So note I do work on embedded systems IRL, and have implemented many, many variations of messaging pipeline.  It is true I have not implemented one this complex, but I don't see any showstoppers.

  1. This is how SpaceX does it right now.  In summary, it's fine to have some of the "commanders" miss entire frames as "commanders" are stateless.  Their algorithm is f([observations_this_frame|consensus_calculated_values_last_frame]).  Resynchronizing when entire subnets get cut off for multiple frames and then reconnected is tricky, but straightforward.  (a variation of the iterative algorithms you use for sensor fusion can fuse 2 belief spaces, aka 2 maps where each subnet has a different consensus view of a shared area of the state space)
  2. It does, there is not a way to broadcast information that doesn't reveal your position.
  3. Please define TPM.  Message payloads are fixed length and encrypted with a shared key.  I don't really see an issue with the enemy gaining some information because ultimately they need to have more vehicles armed with guns or they are going to lose, information does not provide much advantage.
  4. Thermite, battery backed keystores.  And the vehicles don't have the actual source for the algorithms used to develop it, just binaries and neural network files.  Assuming that the enemy can bypass the self destruct and exploit a weakness in the chip to access the key in the battery backed keystore, they just have binaries.  This doesn't give them the ability to use the technology themselves*.  Moreover, the agents are using near optimal policy.  A near optimal policy agent has nothing to exploit - they are not going to make any significant mistakes in battle you can learn about.
  5. Nothing like this.  The "commander" agent's guessing from prior experience optimal configurations to put it's troops.  The "subordinate" agent it is querying runs on the same hardware node.  So these requests are obviously IPC using shared memory.  And the commander makes a finite number of "informed" guesses, gets from the subordinate which "plans" are impossible, and selects the best plan from the remaining (with possibly some optimizing searches in nearby state space to the current best plans).  This will select a plan chosen from the set of { winning battle configurations in the current situation | possible according to subordinate } that is the best of a finite number of local maxima.

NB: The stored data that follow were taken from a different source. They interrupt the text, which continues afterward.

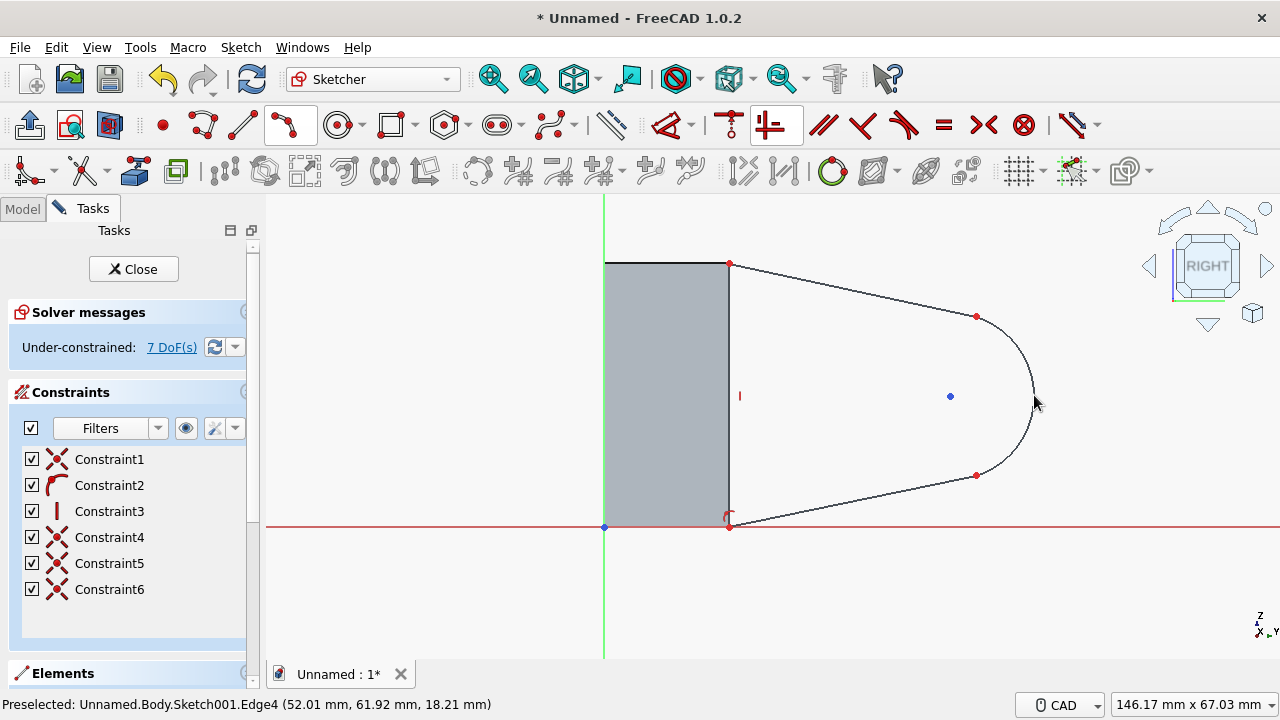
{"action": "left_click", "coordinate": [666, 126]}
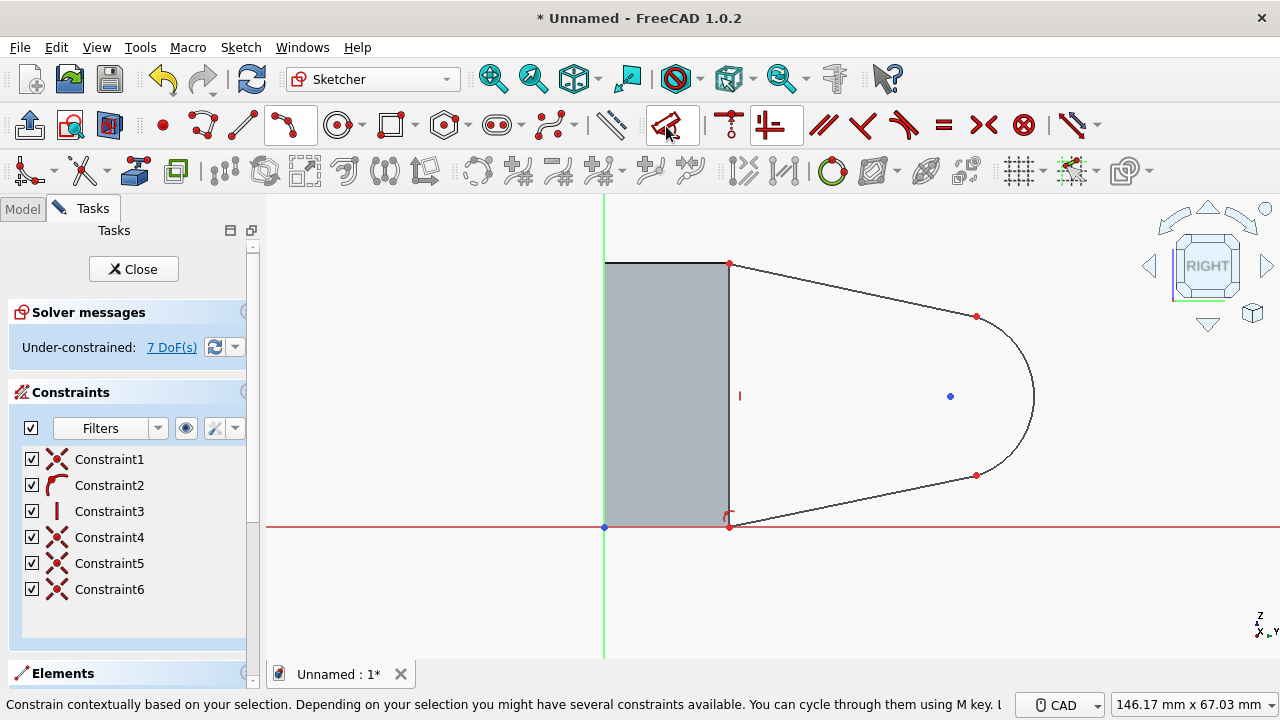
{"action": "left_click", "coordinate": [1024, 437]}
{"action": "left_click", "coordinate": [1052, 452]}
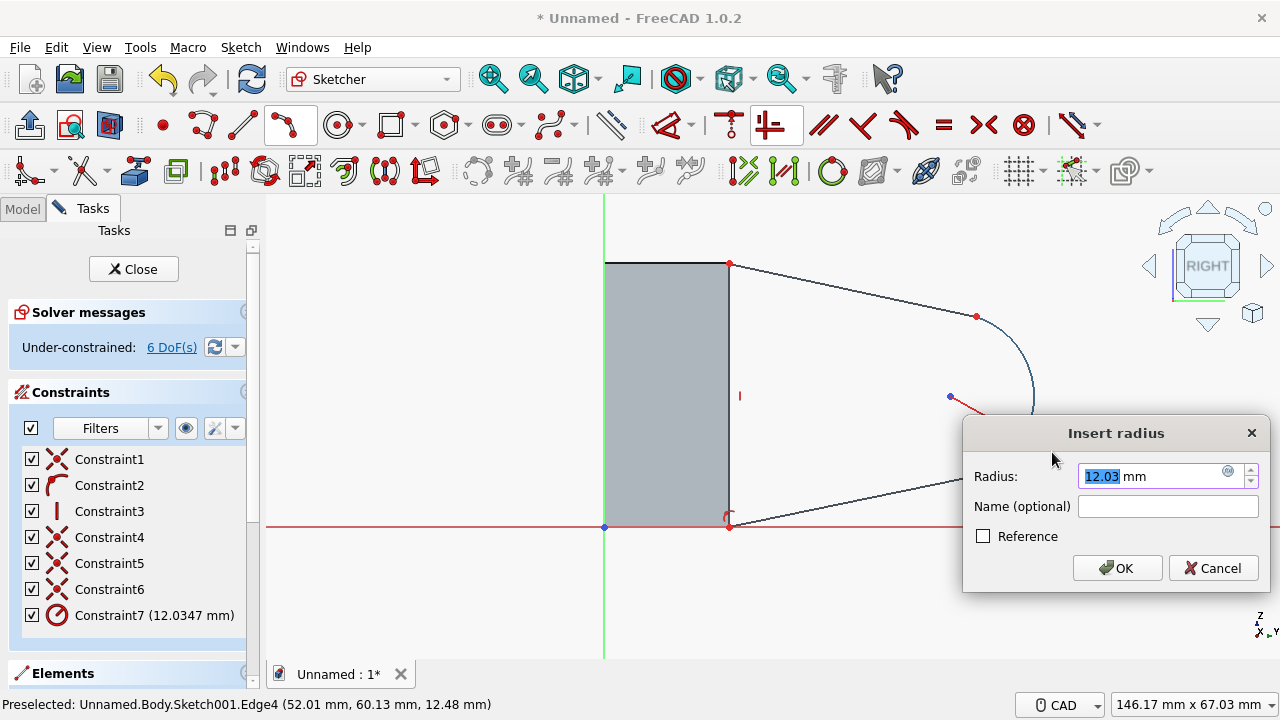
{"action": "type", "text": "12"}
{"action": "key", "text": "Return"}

         I am not sure your "glass jaw" point.  OpenAI is a research startup with a prototype agent.  It can't be expected to be flawless just because it uses AI techniques.  Nor do I expect these military drones to not have entire real life battles where they lose to a software bug.  The difference is that the bug can be patched, records of the battle can be reviewed and learned from, and the next set of drones can learn from the fallen as directly as if any experience that was uploaded happened directly to them.

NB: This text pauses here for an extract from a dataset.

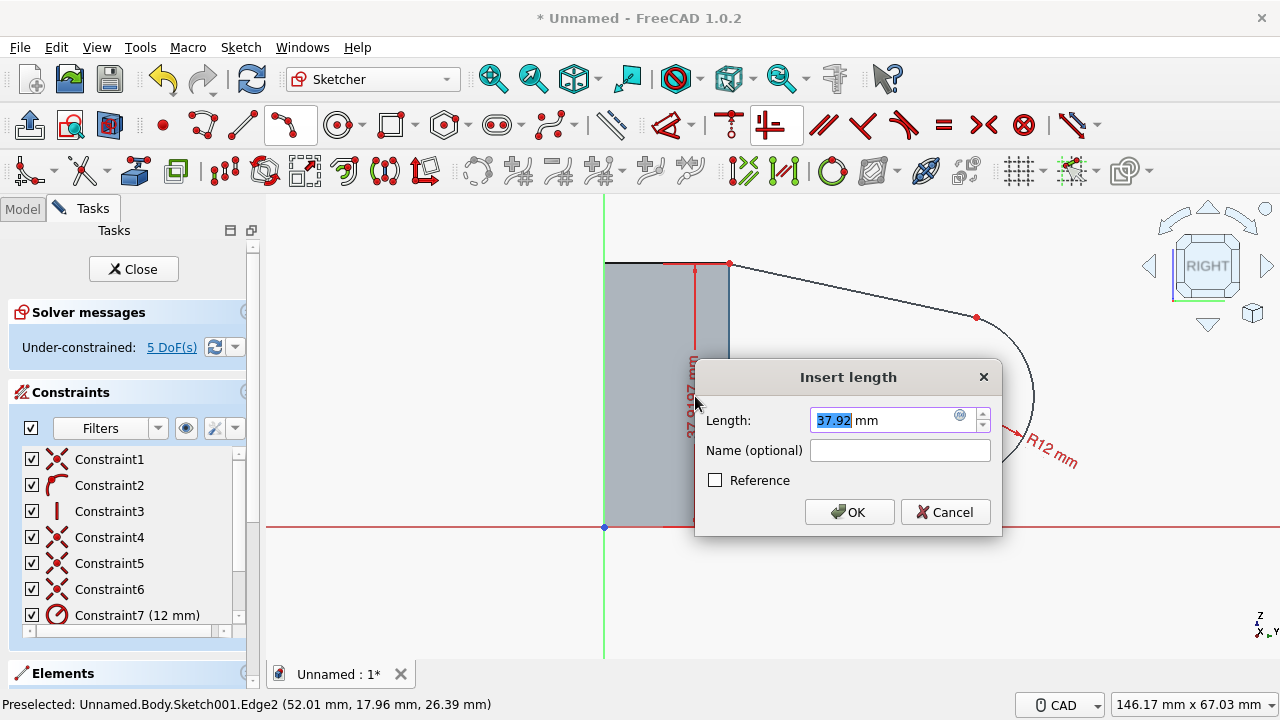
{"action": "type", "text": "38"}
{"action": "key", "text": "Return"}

           At the end there I am assuming you end up with varying sizes of land vehicle because they can carry hundreds of kilograms of armor/weapons.  Flying drones do not have even in the same order of magnitude the payload capacity.  So you end up with what are basically battles of attrition between land vehicles of various scales, where flying drones are instantly shot out of the sky and are used for information gathering. (a legged robot that can climb open doors and climb stairs I am classifying as a land vehicle). 

 Maybe it would go differently and end up being a war between artillery units at maximum range with swarms of flying drones used as spotters.

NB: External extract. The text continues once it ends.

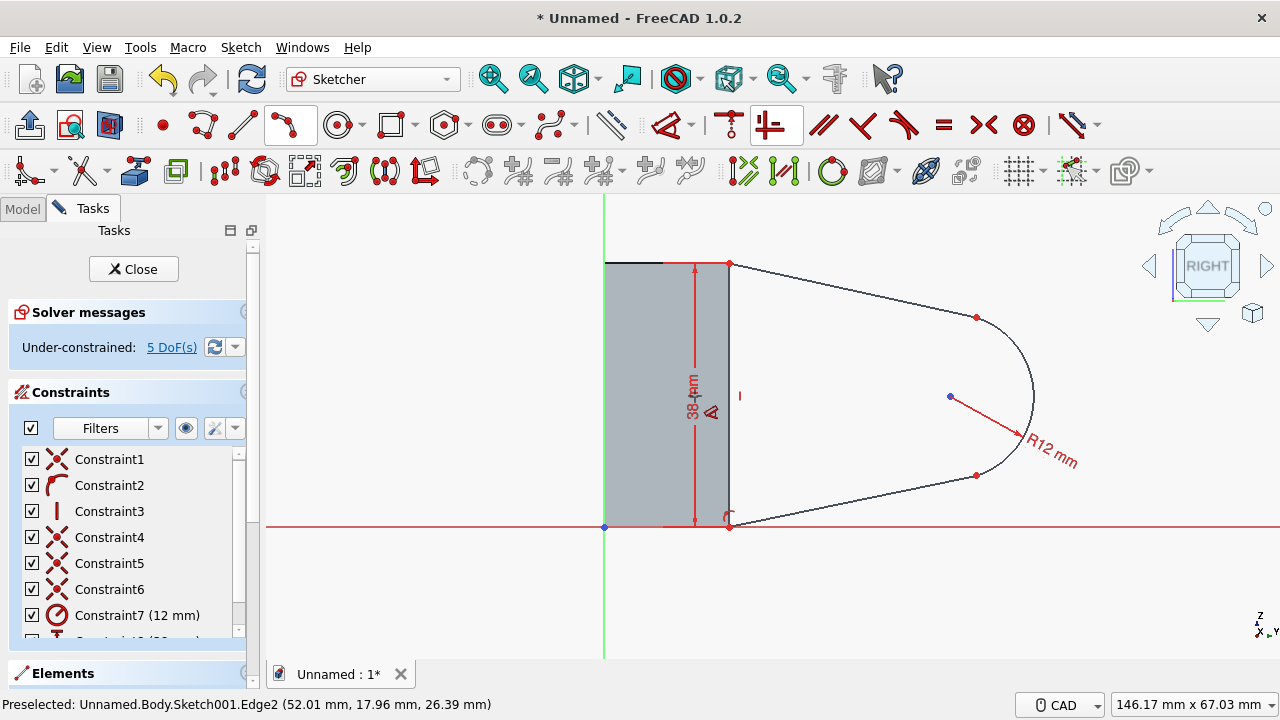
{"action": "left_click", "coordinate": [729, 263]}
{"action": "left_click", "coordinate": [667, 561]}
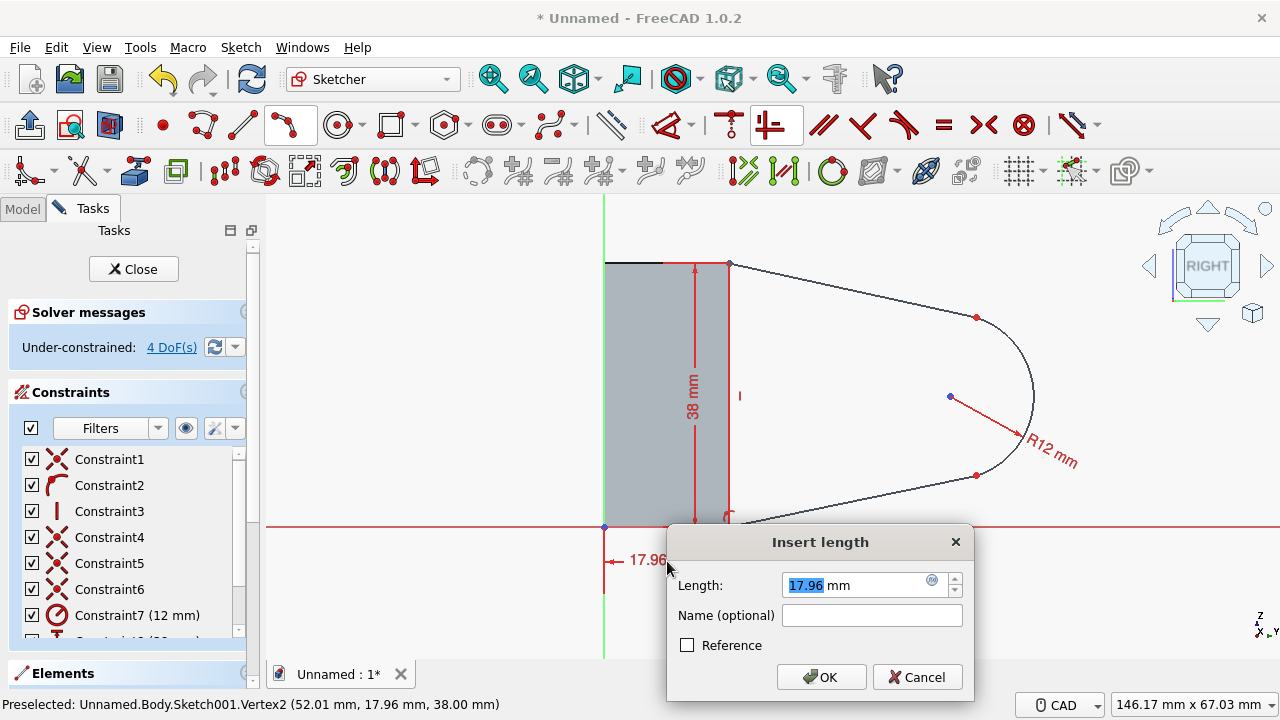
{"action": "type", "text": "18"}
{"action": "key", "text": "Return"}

*I think this is obvious, but for every piece of binary or neural network deployed in the actual machine in the field, there is a vast set of simulators and testing tools and visualization interfaces that were needed to meaningfully work on such technology.  This 'backend' is 99% of what you need to build these systems.  If you don't already have your own backend you can't develop and deploy your own drones.

> In summary, it's fine to have some of the "commanders" miss entire frames as "commanders" are stateless.

Having a single commander miss an update? Sure. That's not really the problem. The problem is cases like "half of the commanders got update A and half didn't, which then results in a two-way split of the commanders, which then results in agents splitting into two halves semi-randomly based on which way the majority fell of the subset of commanders that they can see". You really should look up testing of distributed databases, because these sort of split-brain scenarios are analogous there.

You're also currently falling afoul of the CAP theorem I believe ( https://en.wikipedia.org/wiki/CAP_theorem  ). Note that "commanders receiving the same set of observations_this_frame" is equivalent to a distributed database with all observers adding observations and all commanders seeing a consistent view of this database...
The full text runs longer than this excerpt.